4. Hergest Ridge, Part One - Mike Oldfield. The atmosphere of this album is extremely captivating, and very rewarding. Though Mike is no guitar wizard, or instrumental genius, he is fantastic at writing music, and his most beaitiful melodies are found on Hergest Ridge. Part One is a bit more diverse, and not as sloppy as Part Two.

3. Octavarium - Dream Theater. Dream Theater, as far as I knew, were just a bland metal band. I thought they were just musical geniuses with no skill at writing and no musical sensitivity. But when I took this album out of the library, and heard this song, that presumption was shattered to pieces. Not only are these some of the very best musicians in the world, but they are also phenomenal writers, and explore in many different style of music. This album is extremely emotional from its moody beginning, to its epic climax.

2. Histoires Sans Paroles - Harmonium. This is an extremely delicate song. Its soft flutes, guitars and keyboards all meld together amazingly. They even manage to shift from section to section seamlessly. The beauty of this song has rarely been matched, let alone kept consistent for seventeen minutes. The flute line is one of the very best string of notes that can be played.

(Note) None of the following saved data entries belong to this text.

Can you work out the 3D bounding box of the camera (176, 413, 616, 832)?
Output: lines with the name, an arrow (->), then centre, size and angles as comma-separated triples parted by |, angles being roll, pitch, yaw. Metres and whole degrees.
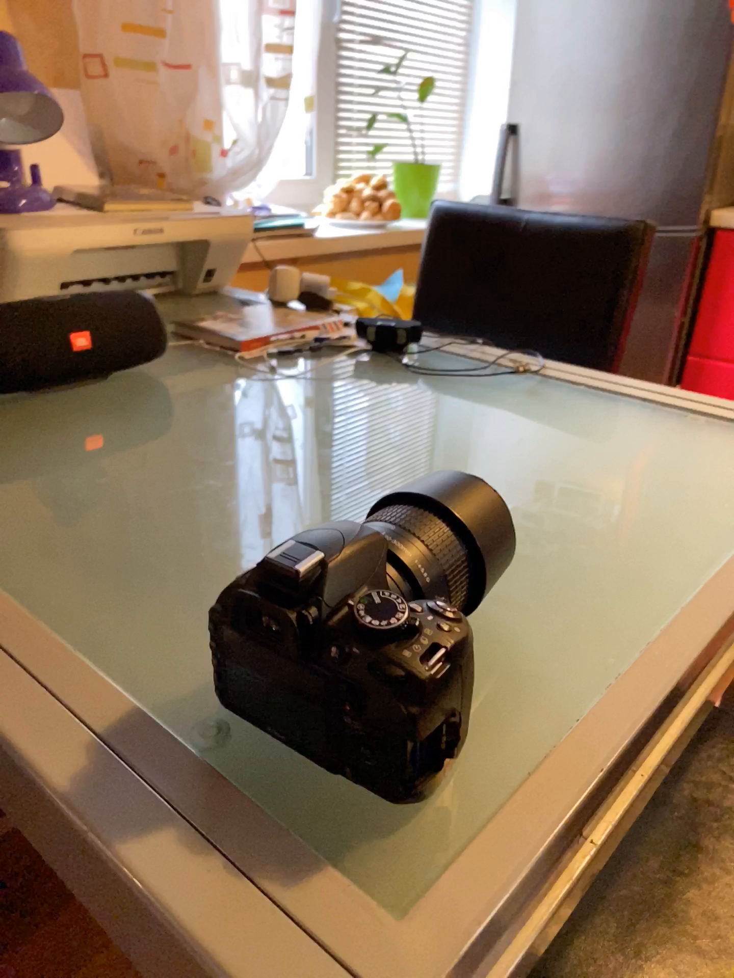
camera -> 0.026, 0.047, 0.411 | 0.134, 0.099, 0.209 | 19, 29, 31
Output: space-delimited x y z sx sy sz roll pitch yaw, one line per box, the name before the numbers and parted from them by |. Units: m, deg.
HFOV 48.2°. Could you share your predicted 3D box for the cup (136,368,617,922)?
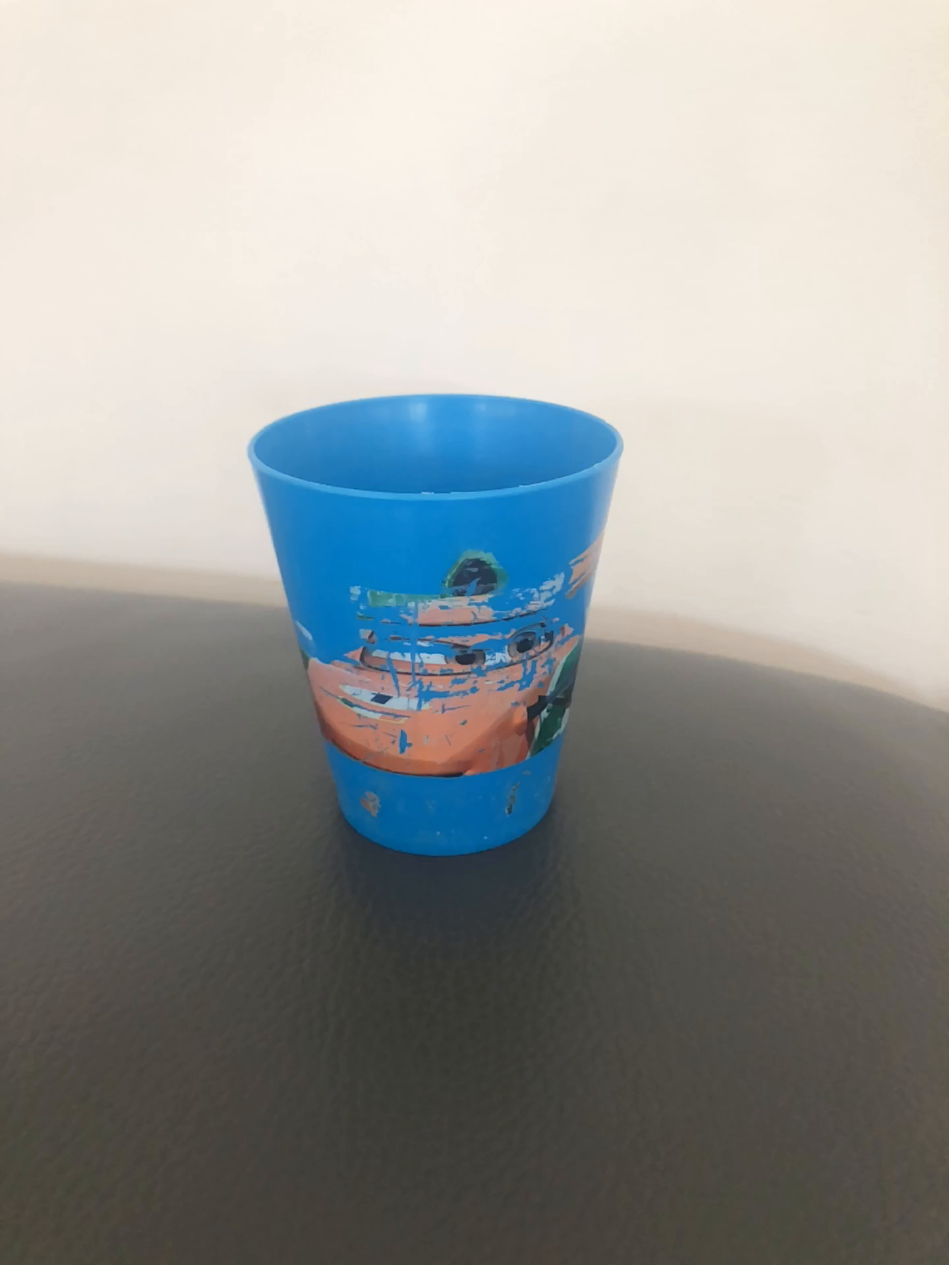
cup | -0.014 -0.003 0.237 0.080 0.090 0.080 1 27 0
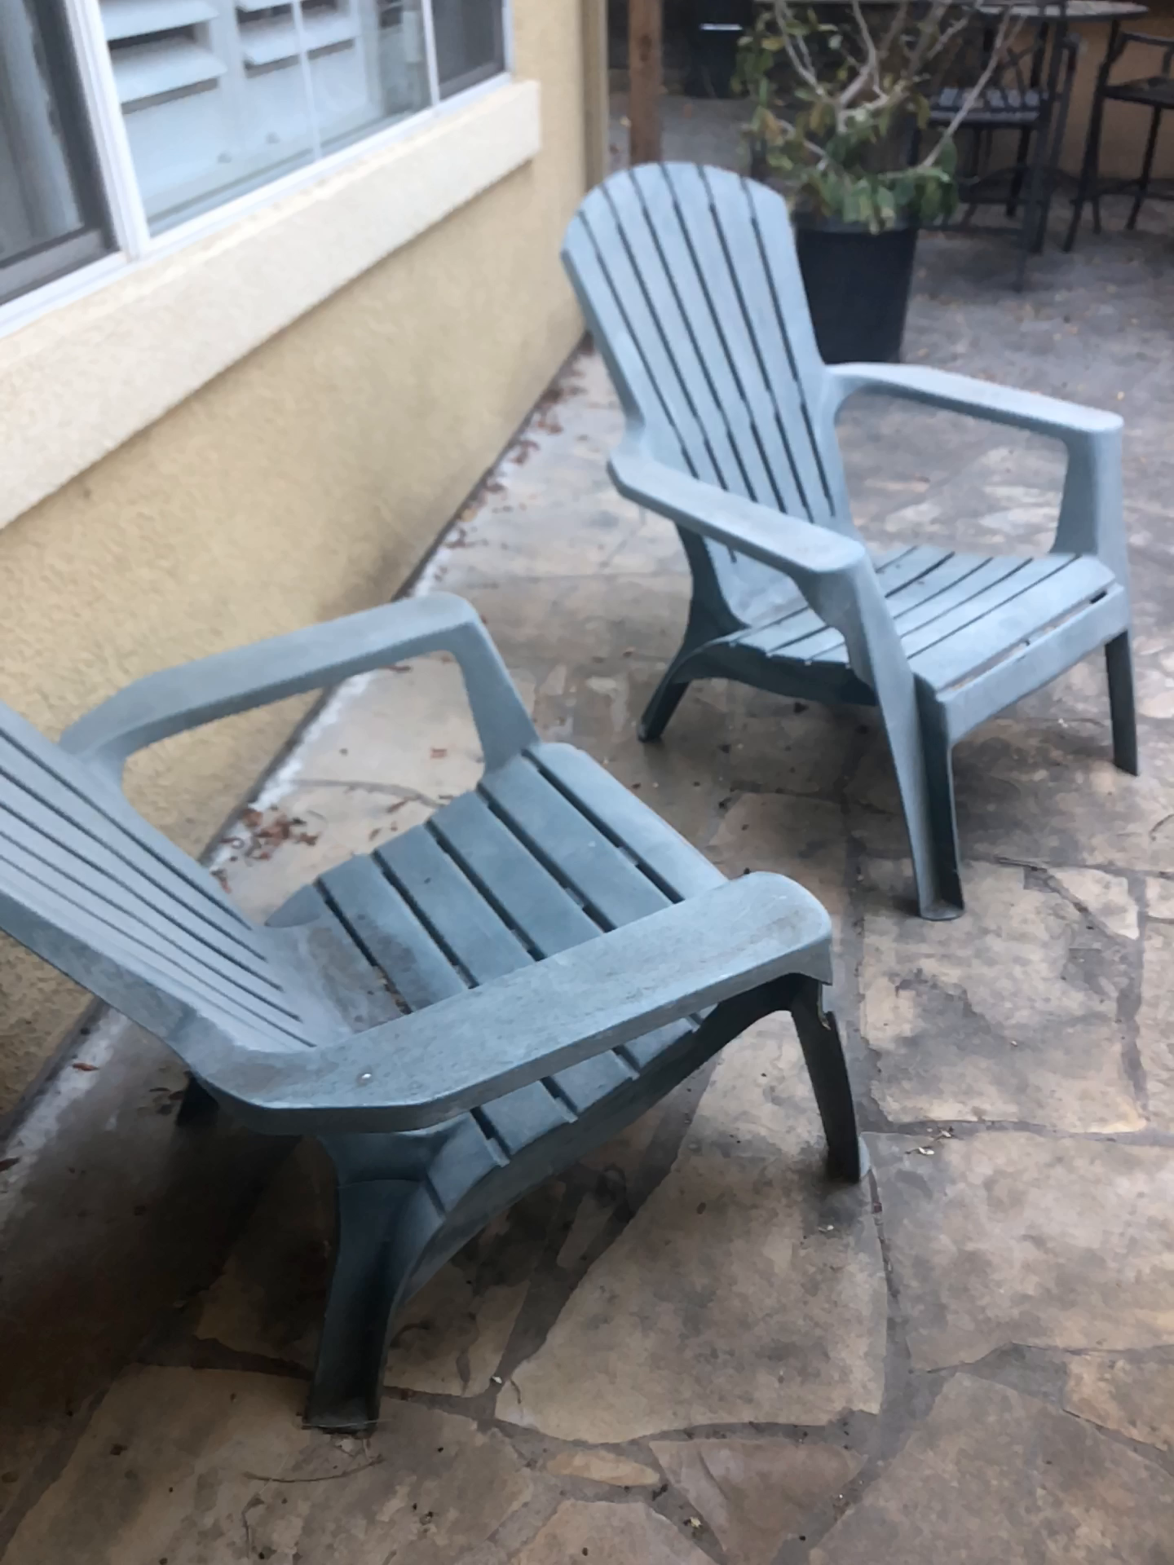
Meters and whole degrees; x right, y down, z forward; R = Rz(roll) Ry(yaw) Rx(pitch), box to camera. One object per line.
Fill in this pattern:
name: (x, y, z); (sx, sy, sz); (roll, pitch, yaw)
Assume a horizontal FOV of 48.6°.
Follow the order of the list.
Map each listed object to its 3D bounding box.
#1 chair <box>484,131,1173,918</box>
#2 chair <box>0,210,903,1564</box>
chair: (0.449, -0.488, 2.061); (0.695, 0.883, 0.921); (-29, 39, -33)
chair: (-0.309, 0.274, 1.235); (0.914, 1.220, 0.743); (-29, 40, -21)
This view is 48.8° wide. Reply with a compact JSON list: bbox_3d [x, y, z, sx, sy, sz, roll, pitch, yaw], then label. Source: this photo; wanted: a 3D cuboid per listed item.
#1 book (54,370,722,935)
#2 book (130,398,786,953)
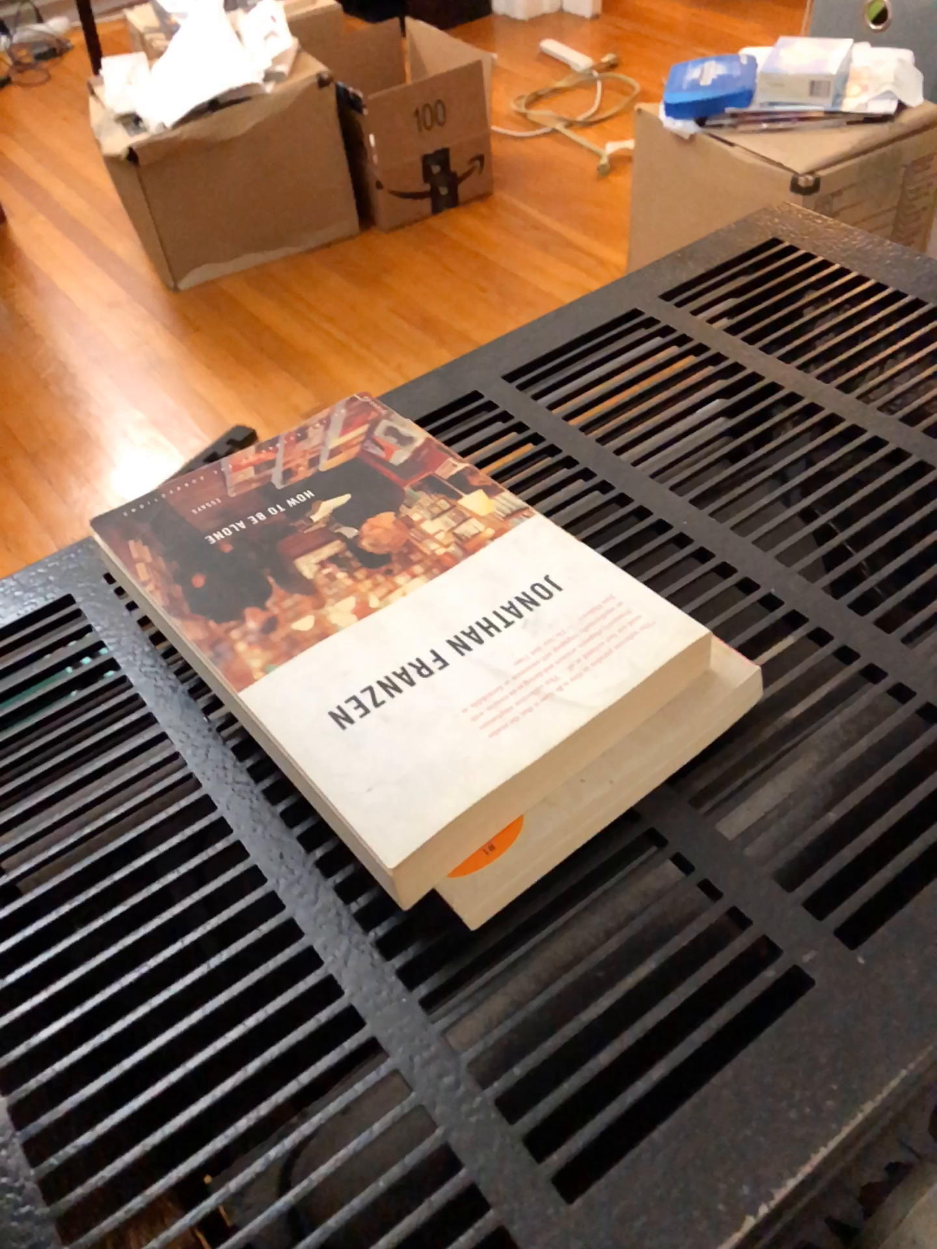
[{"bbox_3d":[-0.038,-0.011,0.388,0.150,0.030,0.211,-33,52,-23],"label":"book"},{"bbox_3d":[-0.012,-0.001,0.401,0.150,0.030,0.211,-33,52,-23],"label":"book"}]
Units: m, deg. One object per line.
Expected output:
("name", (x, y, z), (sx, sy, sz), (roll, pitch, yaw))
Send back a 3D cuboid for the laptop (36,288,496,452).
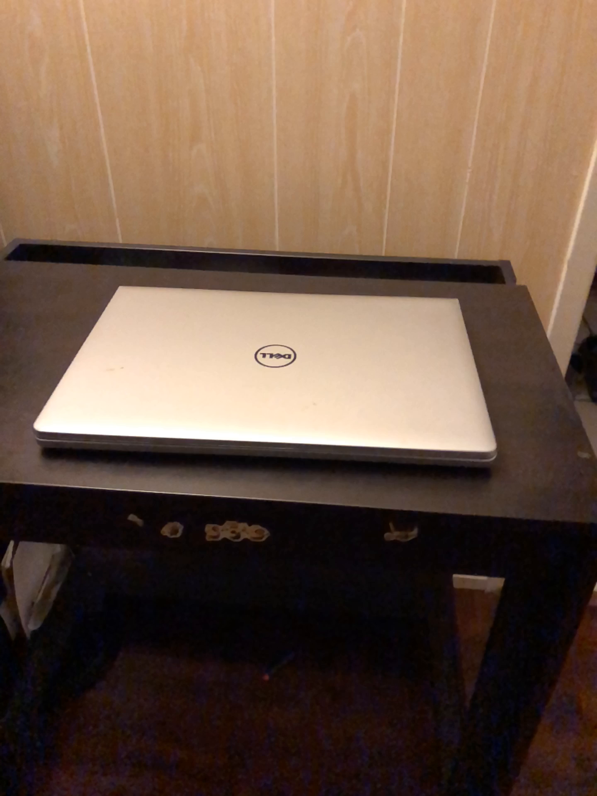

1. Supper's Ready - Genesis. Extremely captivating, beatiful music with phenomenally diverse atmospheres. The musicianship and complexity is top-shelf, but there's to it than that. The music has a bond with the listener. When listening to this song, it's like reading a well written novel. The serene, haunting introduction sets the mood, and the tensions builds until the massive climax and the conclusion.

I doubt anyone will really read all that.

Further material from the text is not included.